*EXERCISE BRIEF*
What is needed is an exact reproduction of the listing, without its pictures.

*PROVIDED INFORMATION*
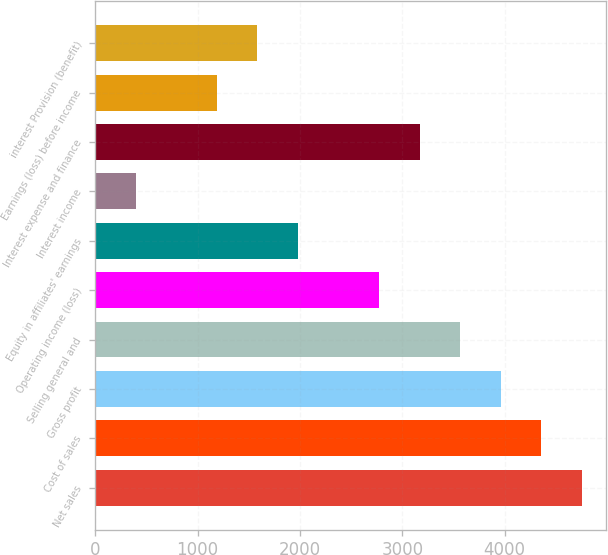<chart> <loc_0><loc_0><loc_500><loc_500><bar_chart><fcel>Net sales<fcel>Cost of sales<fcel>Gross profit<fcel>Selling general and<fcel>Operating income (loss)<fcel>Equity in affiliates' earnings<fcel>Interest income<fcel>Interest expense and finance<fcel>Earnings (loss) before income<fcel>interest Provision (benefit)<nl><fcel>4754.15<fcel>4357.99<fcel>3961.83<fcel>3565.67<fcel>2773.35<fcel>1981.03<fcel>396.39<fcel>3169.51<fcel>1188.71<fcel>1584.87<nl></chart> 
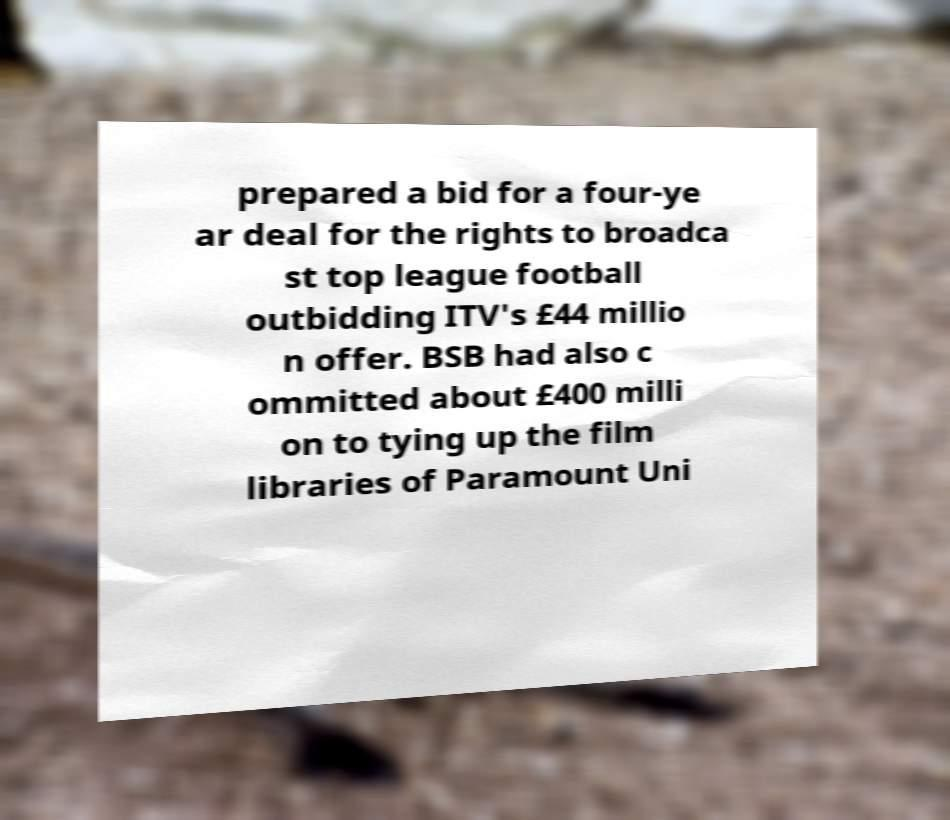Please identify and transcribe the text found in this image. prepared a bid for a four-ye ar deal for the rights to broadca st top league football outbidding ITV's £44 millio n offer. BSB had also c ommitted about £400 milli on to tying up the film libraries of Paramount Uni 
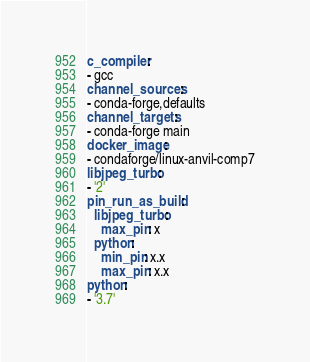<code> <loc_0><loc_0><loc_500><loc_500><_YAML_>c_compiler:
- gcc
channel_sources:
- conda-forge,defaults
channel_targets:
- conda-forge main
docker_image:
- condaforge/linux-anvil-comp7
libjpeg_turbo:
- '2'
pin_run_as_build:
  libjpeg_turbo:
    max_pin: x
  python:
    min_pin: x.x
    max_pin: x.x
python:
- '3.7'
</code> 
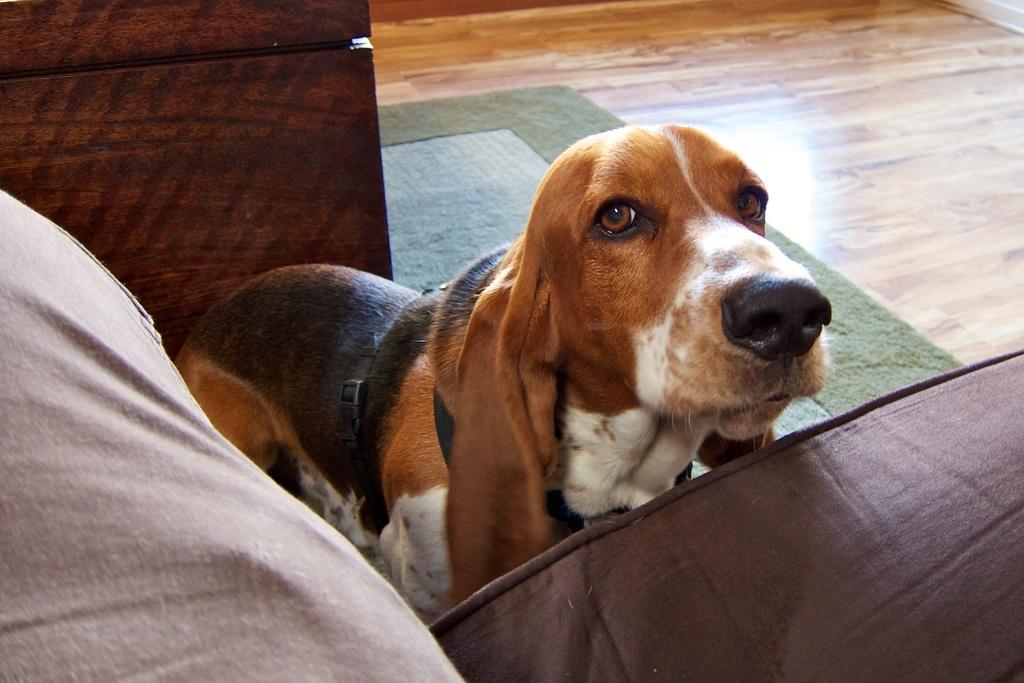Describe this image in one or two sentences. In this picture there is a person sitting on the sofa and there is a dog standing. At the back there is a wooden object. At the bottom there is a floor and there is a mat. 
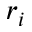Convert formula to latex. <formula><loc_0><loc_0><loc_500><loc_500>r _ { i }</formula> 
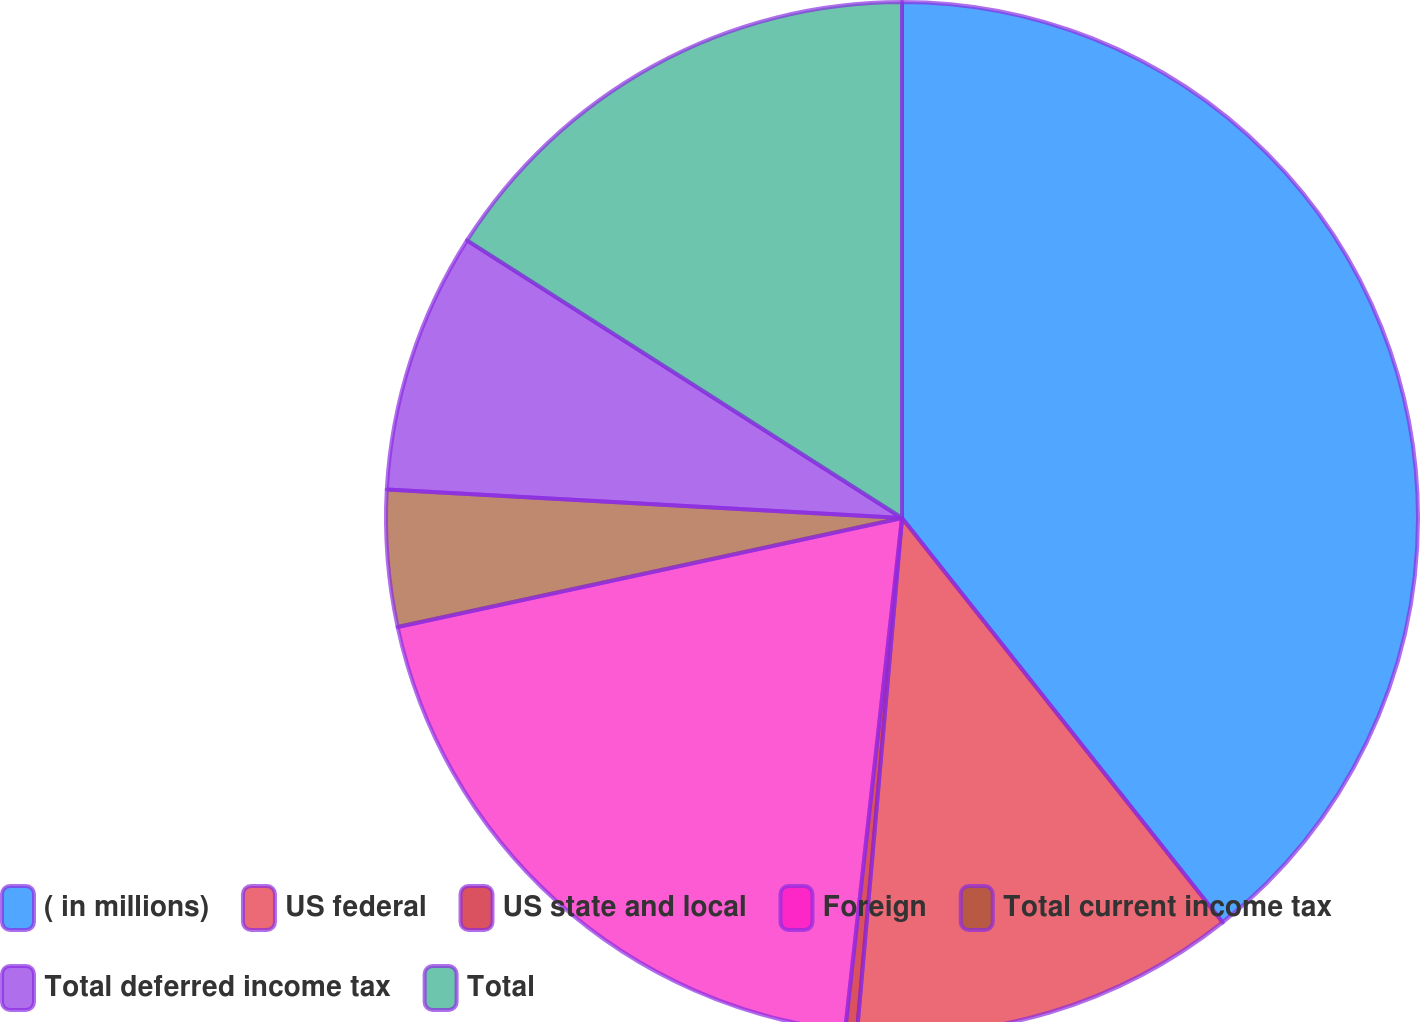Convert chart. <chart><loc_0><loc_0><loc_500><loc_500><pie_chart><fcel>( in millions)<fcel>US federal<fcel>US state and local<fcel>Foreign<fcel>Total current income tax<fcel>Total deferred income tax<fcel>Total<nl><fcel>39.33%<fcel>12.06%<fcel>0.37%<fcel>19.85%<fcel>4.27%<fcel>8.16%<fcel>15.96%<nl></chart> 
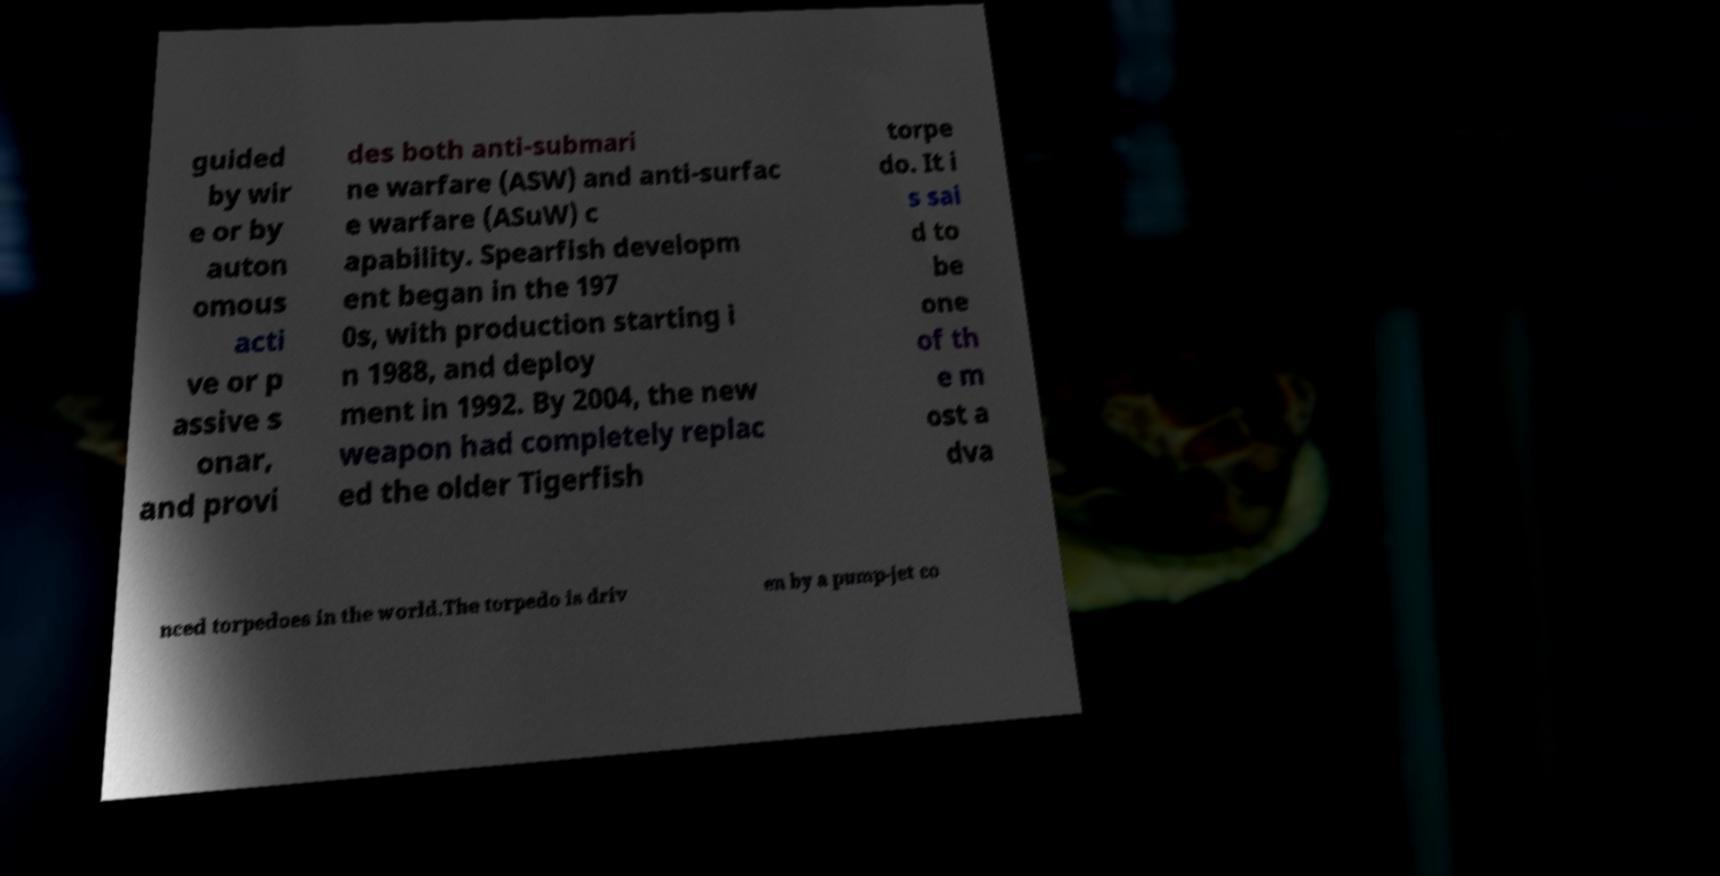I need the written content from this picture converted into text. Can you do that? guided by wir e or by auton omous acti ve or p assive s onar, and provi des both anti-submari ne warfare (ASW) and anti-surfac e warfare (ASuW) c apability. Spearfish developm ent began in the 197 0s, with production starting i n 1988, and deploy ment in 1992. By 2004, the new weapon had completely replac ed the older Tigerfish torpe do. It i s sai d to be one of th e m ost a dva nced torpedoes in the world.The torpedo is driv en by a pump-jet co 
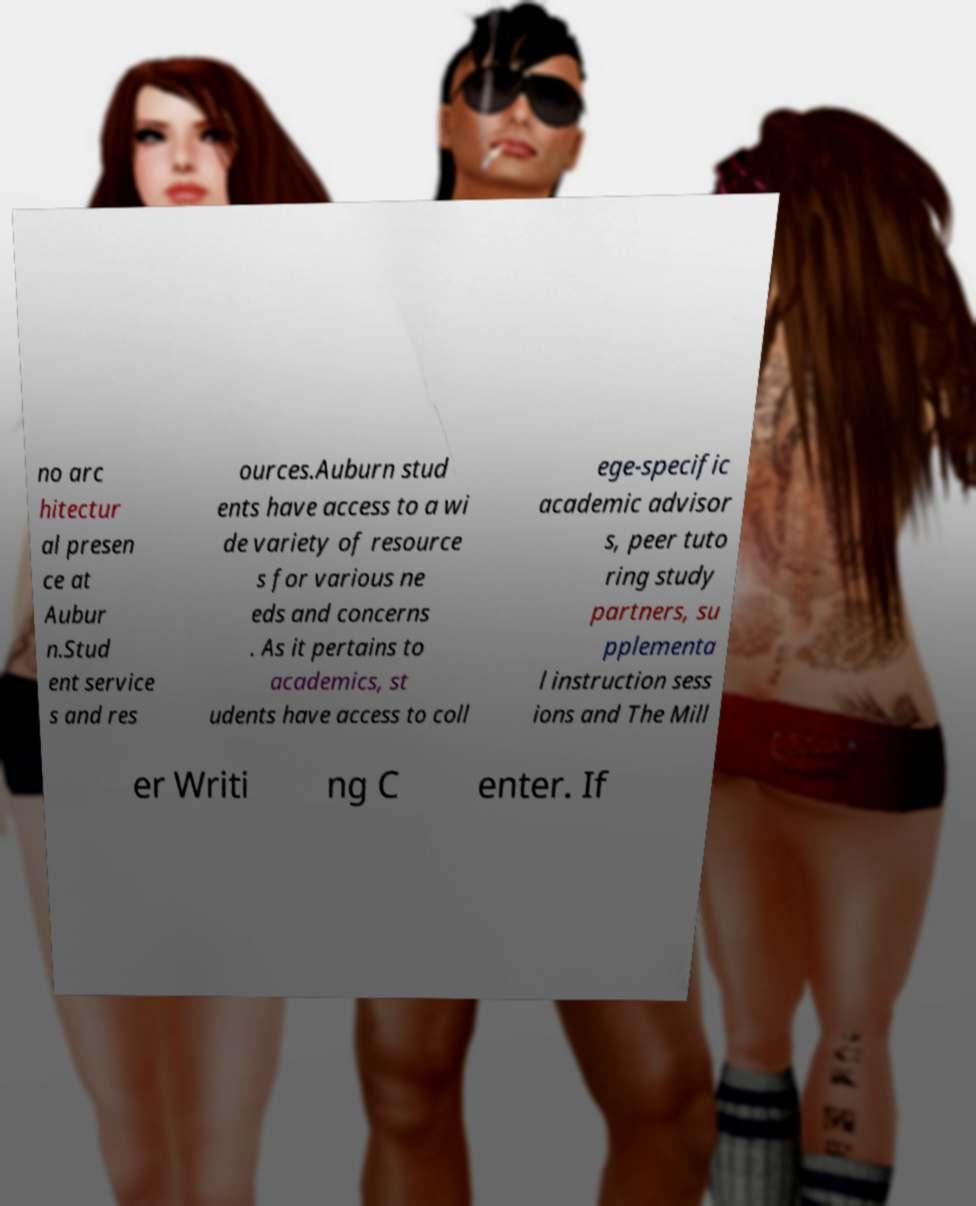For documentation purposes, I need the text within this image transcribed. Could you provide that? no arc hitectur al presen ce at Aubur n.Stud ent service s and res ources.Auburn stud ents have access to a wi de variety of resource s for various ne eds and concerns . As it pertains to academics, st udents have access to coll ege-specific academic advisor s, peer tuto ring study partners, su pplementa l instruction sess ions and The Mill er Writi ng C enter. If 
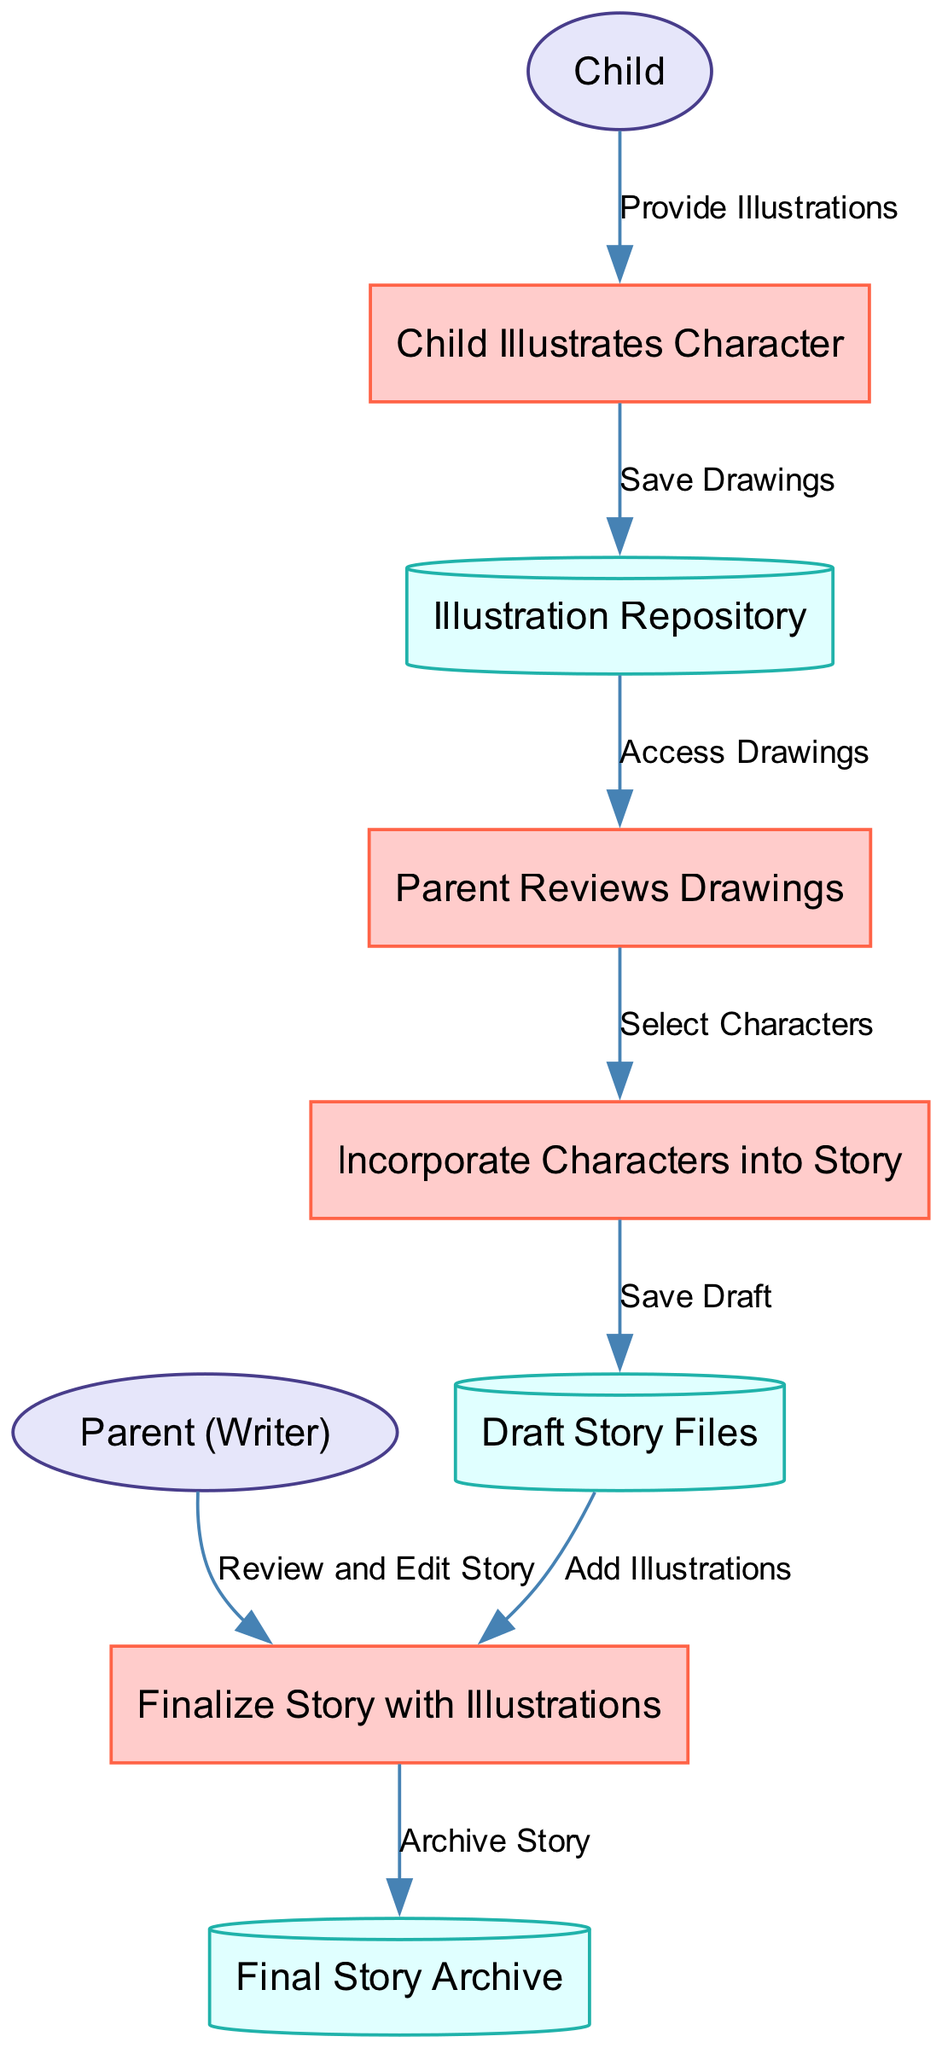What is the first process in the diagram? The first process listed in the diagram is "Child Illustrates Character," which is identified as process ID 1.
Answer: Child Illustrates Character How many external entities are present in the diagram? There are two external entities in the diagram: "Child" and "Parent (Writer)" identified by IDs 5 and 6.
Answer: 2 Which process directly follows "Parent Reviews Drawings"? The process that directly follows "Parent Reviews Drawings" is "Incorporate Characters into Story," as indicated by the data flow linking these two processes.
Answer: Incorporate Characters into Story Which data store is linked to the final process? The final process "Finalize Story with Illustrations" is linked to the data store "Final Story Archive," shown by the data flow connecting the two.
Answer: Final Story Archive What type of data flow occurs from "Child Illustrates Character" to "Illustration Repository"? The data flow from "Child Illustrates Character" to "Illustration Repository" is labeled "Save Drawings," which indicates the action taken with the data.
Answer: Save Drawings Which external entity contributes illustrations into the process? The external entity contributing illustrations into the process is "Child," as shown by the flow leading from the Child to the process "Child Illustrates Character."
Answer: Child Identify the data store where draft stories are saved. The data store where draft stories are saved is "Draft Story Files," which is specifically labeled for that purpose in the diagram.
Answer: Draft Story Files What is the last action that occurs before archiving the story? The last action before archiving the story is labeled "Add Illustrations," which is the final step taken towards finalizing the story with its illustrations.
Answer: Add Illustrations

*ANSWER AREA*
<chart> <loc_0><loc_0><loc_500><loc_500><bar_chart><fcel>Net sales<fcel>Cost of sales<fcel>Gross profit<fcel>Selling general and<fcel>Operating income (loss)<fcel>Equity in affiliates' earnings<fcel>Interest income<fcel>Interest expense and finance<fcel>Earnings (loss) before income<fcel>interest Provision (benefit)<nl><fcel>4754.15<fcel>4357.99<fcel>3961.83<fcel>3565.67<fcel>2773.35<fcel>1981.03<fcel>396.39<fcel>3169.51<fcel>1188.71<fcel>1584.87<nl></chart> 
Please identify and transcribe the text found in this image. prepared a bid for a four-ye ar deal for the rights to broadca st top league football outbidding ITV's £44 millio n offer. BSB had also c ommitted about £400 milli on to tying up the film libraries of Paramount Uni 
<code> <loc_0><loc_0><loc_500><loc_500><_YAML_>c_compiler:
- gcc
channel_sources:
- conda-forge,defaults
channel_targets:
- conda-forge main
docker_image:
- condaforge/linux-anvil-comp7
libjpeg_turbo:
- '2'
pin_run_as_build:
  libjpeg_turbo:
    max_pin: x
  python:
    min_pin: x.x
    max_pin: x.x
python:
- '3.7'
</code> 
Describe this image in one or two sentences. In this picture there is a person sitting on the sofa and there is a dog standing. At the back there is a wooden object. At the bottom there is a floor and there is a mat. 
Convert formula to latex. <formula><loc_0><loc_0><loc_500><loc_500>r _ { i }</formula> 
Convert chart. <chart><loc_0><loc_0><loc_500><loc_500><pie_chart><fcel>( in millions)<fcel>US federal<fcel>US state and local<fcel>Foreign<fcel>Total current income tax<fcel>Total deferred income tax<fcel>Total<nl><fcel>39.33%<fcel>12.06%<fcel>0.37%<fcel>19.85%<fcel>4.27%<fcel>8.16%<fcel>15.96%<nl></chart> 
I need the written content from this picture converted into text. Can you do that? guided by wir e or by auton omous acti ve or p assive s onar, and provi des both anti-submari ne warfare (ASW) and anti-surfac e warfare (ASuW) c apability. Spearfish developm ent began in the 197 0s, with production starting i n 1988, and deploy ment in 1992. By 2004, the new weapon had completely replac ed the older Tigerfish torpe do. It i s sai d to be one of th e m ost a dva nced torpedoes in the world.The torpedo is driv en by a pump-jet co 
For documentation purposes, I need the text within this image transcribed. Could you provide that? no arc hitectur al presen ce at Aubur n.Stud ent service s and res ources.Auburn stud ents have access to a wi de variety of resource s for various ne eds and concerns . As it pertains to academics, st udents have access to coll ege-specific academic advisor s, peer tuto ring study partners, su pplementa l instruction sess ions and The Mill er Writi ng C enter. If 
What is the first process in the diagram? The first process listed in the diagram is "Child Illustrates Character," which is identified as process ID 1.
Answer: Child Illustrates Character How many external entities are present in the diagram? There are two external entities in the diagram: "Child" and "Parent (Writer)" identified by IDs 5 and 6.
Answer: 2 Which process directly follows "Parent Reviews Drawings"? The process that directly follows "Parent Reviews Drawings" is "Incorporate Characters into Story," as indicated by the data flow linking these two processes.
Answer: Incorporate Characters into Story Which data store is linked to the final process? The final process "Finalize Story with Illustrations" is linked to the data store "Final Story Archive," shown by the data flow connecting the two.
Answer: Final Story Archive What type of data flow occurs from "Child Illustrates Character" to "Illustration Repository"? The data flow from "Child Illustrates Character" to "Illustration Repository" is labeled "Save Drawings," which indicates the action taken with the data.
Answer: Save Drawings Which external entity contributes illustrations into the process? The external entity contributing illustrations into the process is "Child," as shown by the flow leading from the Child to the process "Child Illustrates Character."
Answer: Child Identify the data store where draft stories are saved. The data store where draft stories are saved is "Draft Story Files," which is specifically labeled for that purpose in the diagram.
Answer: Draft Story Files What is the last action that occurs before archiving the story? The last action before archiving the story is labeled "Add Illustrations," which is the final step taken towards finalizing the story with its illustrations.
Answer: Add Illustrations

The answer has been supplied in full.